It’s a simple car compared with much of the machinery Rally Prep has built, but Yates is still delighted that the first prototype “just worked”. Nine months of trials have already been conducted and they’ve been very promising. The plan is to build, develop and publicise the car through 2021 (despite Covid, Watt EV is only a few weeks behind the lively schedule Yates laid out a year ago) and customer cars should start to flow early next year.
After its latest round of developments, the first prototype weighs just 902kg. Yates expects the production version, with all running gear and a relatively light and simple interior, to weigh less than 1000kg.

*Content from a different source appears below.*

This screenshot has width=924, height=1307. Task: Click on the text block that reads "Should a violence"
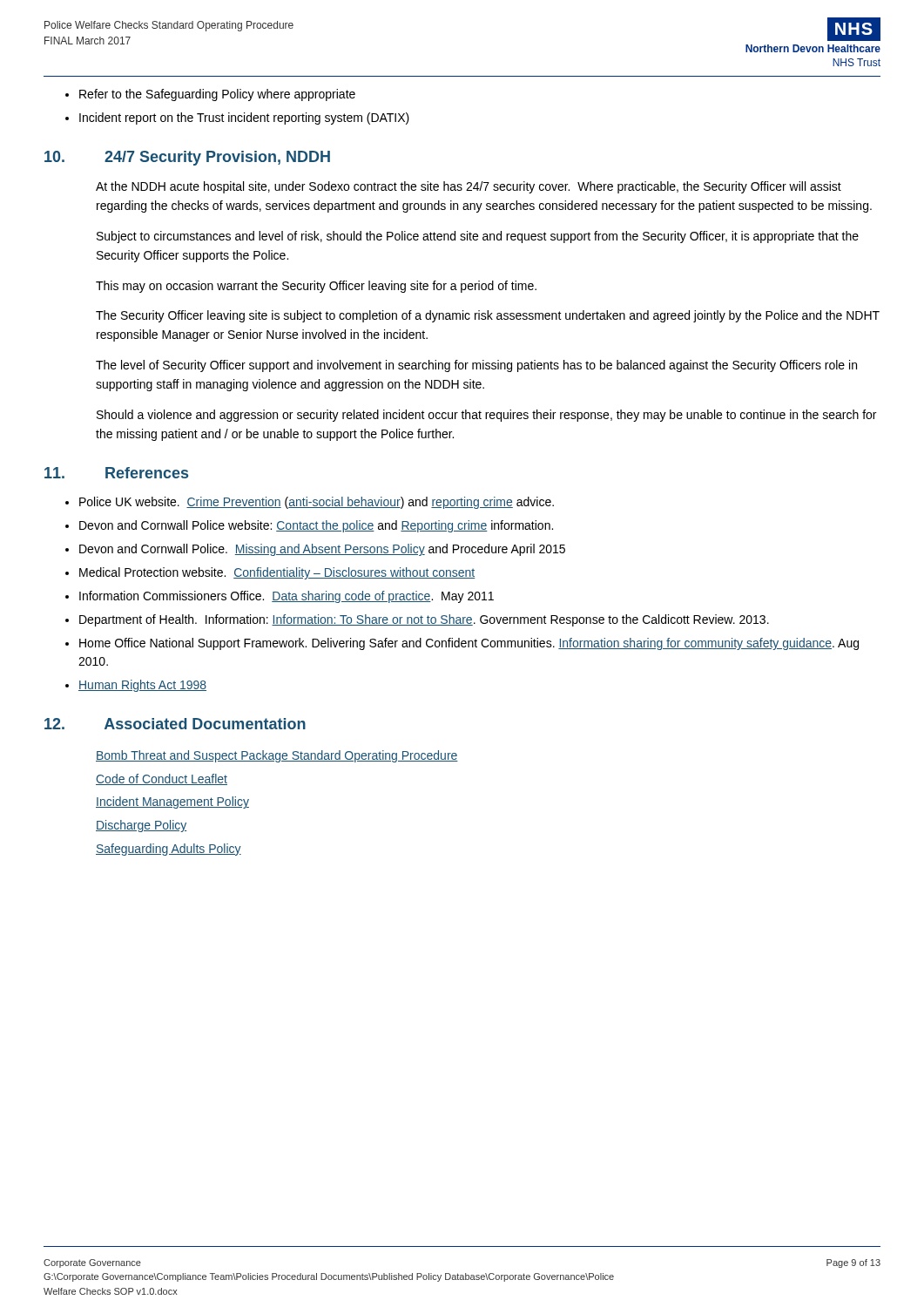(486, 424)
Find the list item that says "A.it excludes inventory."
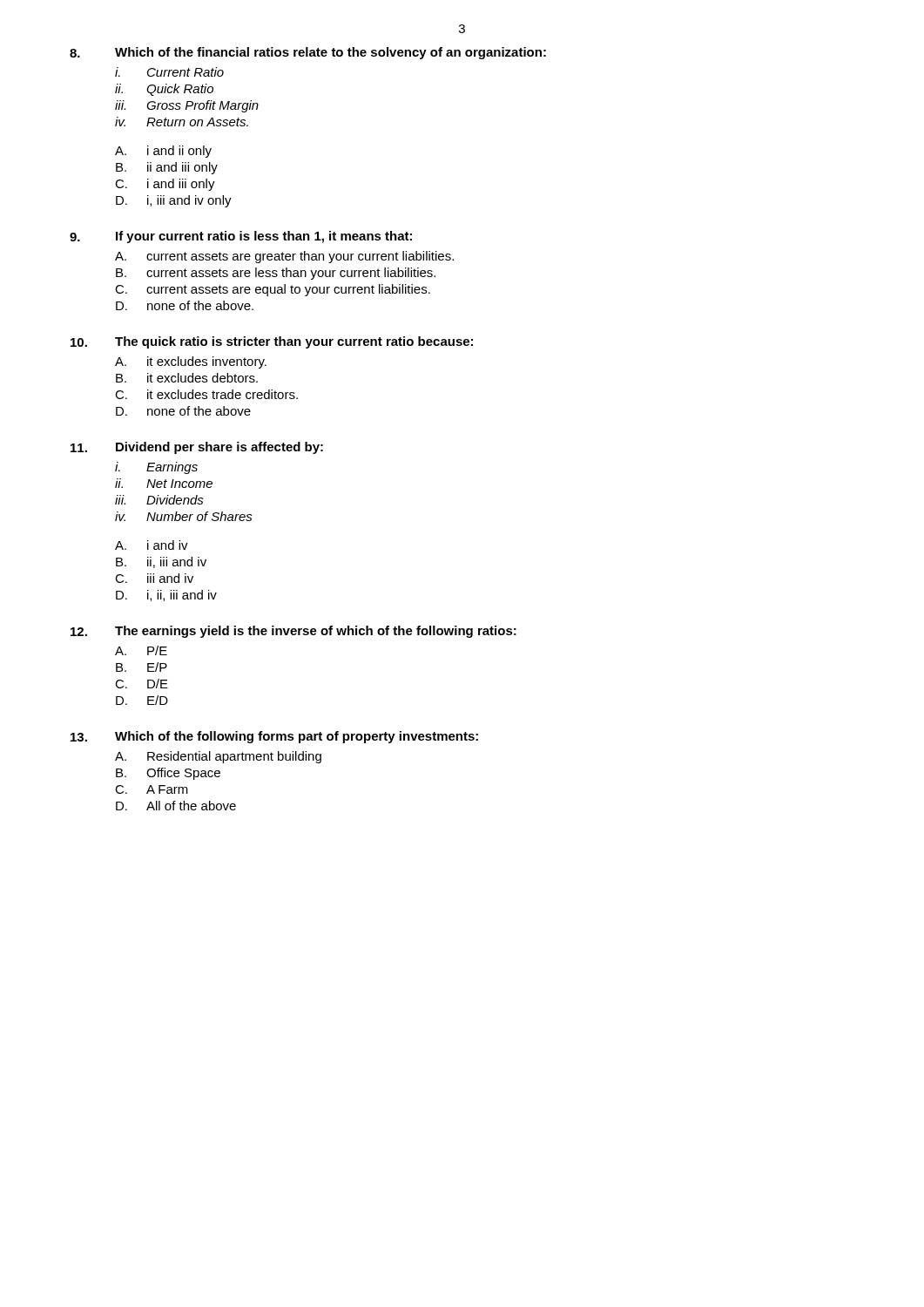This screenshot has height=1307, width=924. click(x=191, y=361)

His simulation tools, which after recent tuning align accurately with the prototype’s real-time performance, predict that a production car with a single 107bhp motor will deliver 0-62mph acceleration in 7.2sec, or 5.3sec with the optional 160bhp unit. The battery is a 39.6kWh unit that uses Nissan Leaf cells. With the lower-powered motor, the indicated WLTP range is 230 miles, or 180-190 miles in the real world.
That’s impressive, and underscores the importance of light weight and good aerodynamics in an EV. Though venerable, the Porsche outline is sleek, the underbody is flat and the frontal area is comparatively small. The WEV Coupé uses the 356’s body dimensions and wheelbase almost exactly, but it has neater lights, finer panel gaps, smoother flanks and wider tracks so its wheels fill the arches better than the originals ever did.
Yates is keen to make his coupé practical, a daily driver. He scorns the EV “arms race”, which results in a heavy battery, a big motor, wheels and tyres needlessly wide, brakes needlessly big, running gear needlessly heavy and a car whose road ability is upset by unnecessary unsprung weight.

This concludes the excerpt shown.